Dynamic lattice disorder in two-dimensional
(2D) halide perovskites
can play an important role in their optical properties through carrier/exciton–lattice
interactions. Previously, the 2D halide–pseudohalide perovskite
(MA)2Pb(SCN)2I2 (MA+ =
methylammonium) was demonstrated to have a dynamically inhomogeneous
lattice with structural evolution occurring on a picosecond time scale.

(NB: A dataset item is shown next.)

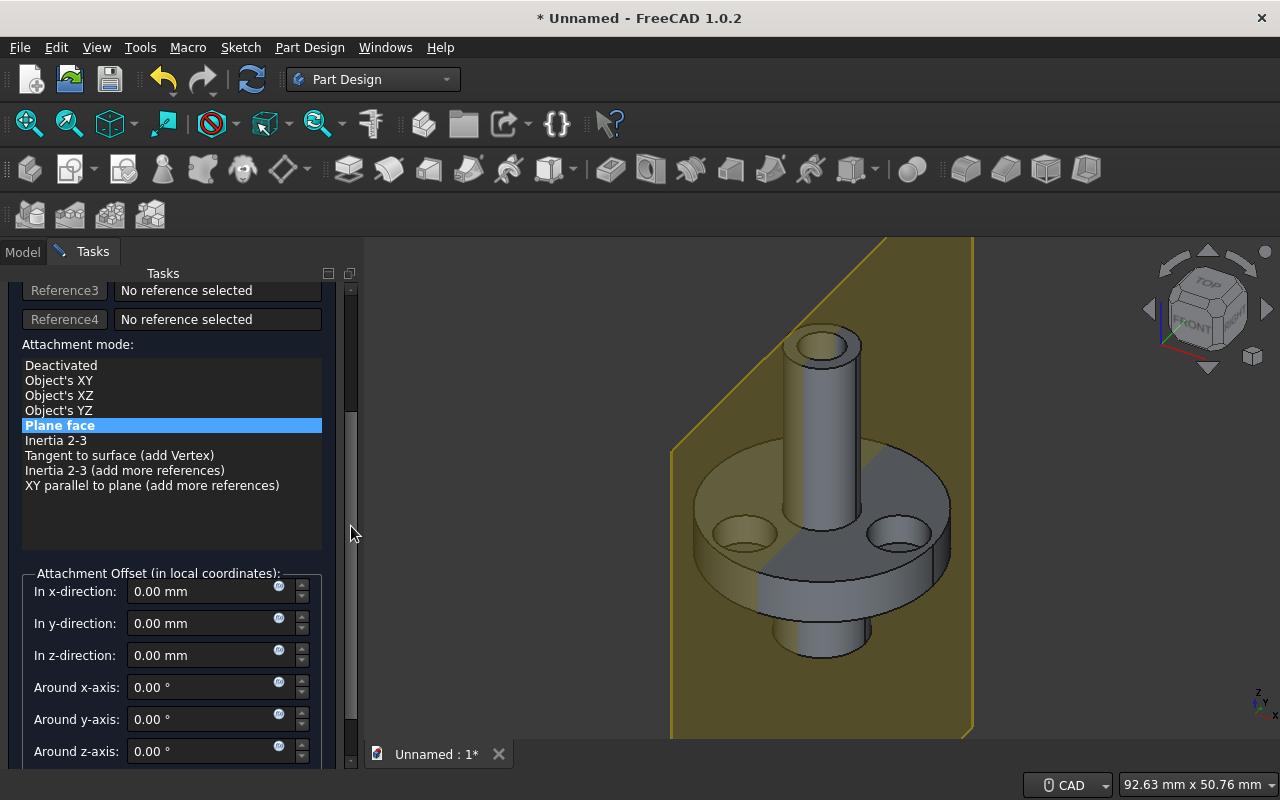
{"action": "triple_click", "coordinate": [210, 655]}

Here, we have investigated two purely inorganic 2D perovskites, Cs2Pb(SCN)2X2 (X = Br or I). 2D infrared
(2D IR) and polarization-selective pump–probe (PSPP) experiments
were used to study dynamics and the effects of changing the halide
anions. The 12CN stretching mode was used as the vibrational
probe. The films were isotopically doped, ∼99% 13CN, to avoid excessive IR absorption, heating, and vibrational excitation
transfer. PSPP measurements were performed on thin films using the
reflection geometry to improve the signal-to-noise ratio. The results
showed that the 12CN vibrational lifetime in Cs2Pb(SCN)2X2 is significantly longer than that
in (MA)2Pb(SCN)2I2, and the lifetimes
were essentially the same for Br and I analogues of Cs2Pb(SCN)2X2. 2D IR spectroscopy is carried out
to measure both spectral diffusion (structural evolution) and homogeneous
dephasing of the inhomogeneously broadened CN stretch absorption line.

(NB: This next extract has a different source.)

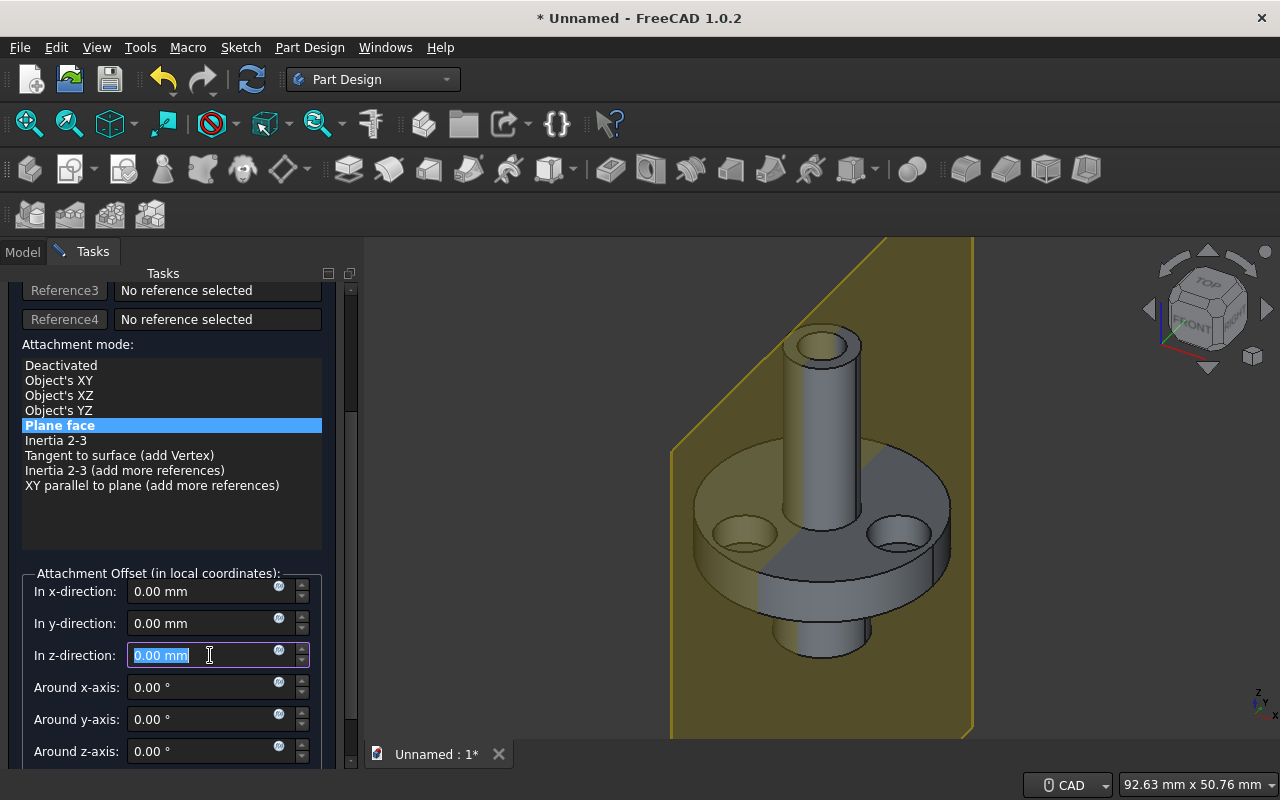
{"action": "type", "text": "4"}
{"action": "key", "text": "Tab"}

The Cs2Pb(SCN)2X2 2D perovskites
displayed substantially slower structural evolution compared to (MA)2Pb(SCN)2I2. The spectral diffusion is
independent of the halide anion. There is also significant homogeneous
dephasing caused by the coupling of the CN stretch to lattice phonons.
Our findings provide insights into lattice dynamics of inorganic 2D
perovskites and lay a foundation for studies on their complex carrier/exciton–lattice
interactions, of importance for applications in optoelectronic devices.